One benefit of a reduced specific depletion capacitance is that a
semiconductor device can switch between blocking and conducting
states faster. This property benefits wide bandgap semiconductor
devices, such as SiC and GaN, more than silicon devices because the
former may operate at higher frequencies, and may have to switch
between blocking and conducting states more often in a given time
period. Thus, power loss due to switching may be a larger
proportion in the wide bandgap semiconductor devices than power
loss while in the blocking or conducting states. Thus, improving
the specific depletion capacitance may reduce power switching loss
which may reduce total energy loss in wide bandgap devices.

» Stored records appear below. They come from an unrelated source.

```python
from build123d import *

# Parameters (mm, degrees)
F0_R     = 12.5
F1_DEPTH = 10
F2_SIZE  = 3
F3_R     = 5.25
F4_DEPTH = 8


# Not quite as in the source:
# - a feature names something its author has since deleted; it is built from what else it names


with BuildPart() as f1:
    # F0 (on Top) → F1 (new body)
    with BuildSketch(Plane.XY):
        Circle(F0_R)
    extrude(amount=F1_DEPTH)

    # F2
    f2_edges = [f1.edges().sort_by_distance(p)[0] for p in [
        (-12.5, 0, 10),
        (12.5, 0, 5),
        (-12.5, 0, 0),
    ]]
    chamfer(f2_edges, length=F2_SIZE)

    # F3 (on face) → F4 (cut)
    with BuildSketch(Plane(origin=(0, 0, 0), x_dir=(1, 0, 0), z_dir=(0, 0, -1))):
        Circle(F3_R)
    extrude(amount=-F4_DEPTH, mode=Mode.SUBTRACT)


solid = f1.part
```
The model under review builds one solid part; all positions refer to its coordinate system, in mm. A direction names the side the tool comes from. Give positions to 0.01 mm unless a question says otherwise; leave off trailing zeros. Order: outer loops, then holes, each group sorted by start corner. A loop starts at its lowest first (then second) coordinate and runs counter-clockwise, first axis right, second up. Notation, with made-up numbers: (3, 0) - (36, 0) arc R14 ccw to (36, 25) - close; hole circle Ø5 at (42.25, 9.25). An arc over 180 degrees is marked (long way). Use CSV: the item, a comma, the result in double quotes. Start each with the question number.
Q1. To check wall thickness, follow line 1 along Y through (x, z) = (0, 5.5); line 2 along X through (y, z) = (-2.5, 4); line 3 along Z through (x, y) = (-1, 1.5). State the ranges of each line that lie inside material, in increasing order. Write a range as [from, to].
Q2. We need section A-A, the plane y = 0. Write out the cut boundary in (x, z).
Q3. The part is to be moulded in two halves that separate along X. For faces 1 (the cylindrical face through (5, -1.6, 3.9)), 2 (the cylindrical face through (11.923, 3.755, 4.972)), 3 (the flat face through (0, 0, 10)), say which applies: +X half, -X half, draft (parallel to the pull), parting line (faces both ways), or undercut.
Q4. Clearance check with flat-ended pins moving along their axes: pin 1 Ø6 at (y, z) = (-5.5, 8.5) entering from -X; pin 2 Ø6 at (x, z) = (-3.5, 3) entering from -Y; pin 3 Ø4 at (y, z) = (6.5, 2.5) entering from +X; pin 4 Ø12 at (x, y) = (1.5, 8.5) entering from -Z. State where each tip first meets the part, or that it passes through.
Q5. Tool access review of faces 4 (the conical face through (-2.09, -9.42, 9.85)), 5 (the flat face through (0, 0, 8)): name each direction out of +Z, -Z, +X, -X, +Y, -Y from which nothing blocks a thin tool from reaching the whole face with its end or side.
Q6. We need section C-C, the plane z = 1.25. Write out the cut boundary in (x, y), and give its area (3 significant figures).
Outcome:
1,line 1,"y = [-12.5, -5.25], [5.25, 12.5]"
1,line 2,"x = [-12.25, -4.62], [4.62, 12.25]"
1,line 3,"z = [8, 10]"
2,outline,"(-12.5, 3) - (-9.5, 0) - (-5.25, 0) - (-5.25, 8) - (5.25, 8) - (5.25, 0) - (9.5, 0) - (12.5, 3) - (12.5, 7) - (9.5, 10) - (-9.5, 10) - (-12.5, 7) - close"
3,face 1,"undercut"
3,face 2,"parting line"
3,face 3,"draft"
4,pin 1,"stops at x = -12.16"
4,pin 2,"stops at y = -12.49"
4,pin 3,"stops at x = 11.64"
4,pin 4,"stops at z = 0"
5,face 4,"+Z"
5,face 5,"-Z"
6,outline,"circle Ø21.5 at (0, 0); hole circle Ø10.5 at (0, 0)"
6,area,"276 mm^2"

[0020] In some embodiments, the thickness of the buffer layer 104
may be lower than that of both the epitaxial layer and the
substrate. Substrate thickness may vary from approximately 100
.mu.m to 350 .mu.m. The combined thickness of all epitaxial layers,
including a single epitaxial layer, could vary from approximately 5
.mu.m to 100 .mu.m. The buffer layer may be approximately 0.5 .mu.m
to 2 .mu.m. In some embodiments, the buffer layer 104 may be doped
uniformly and sufficiently high to terminate reverse electric field
within the buffer layer 104. The buffer layer 104 may have a lower
doping concentration than the doping of the substrate.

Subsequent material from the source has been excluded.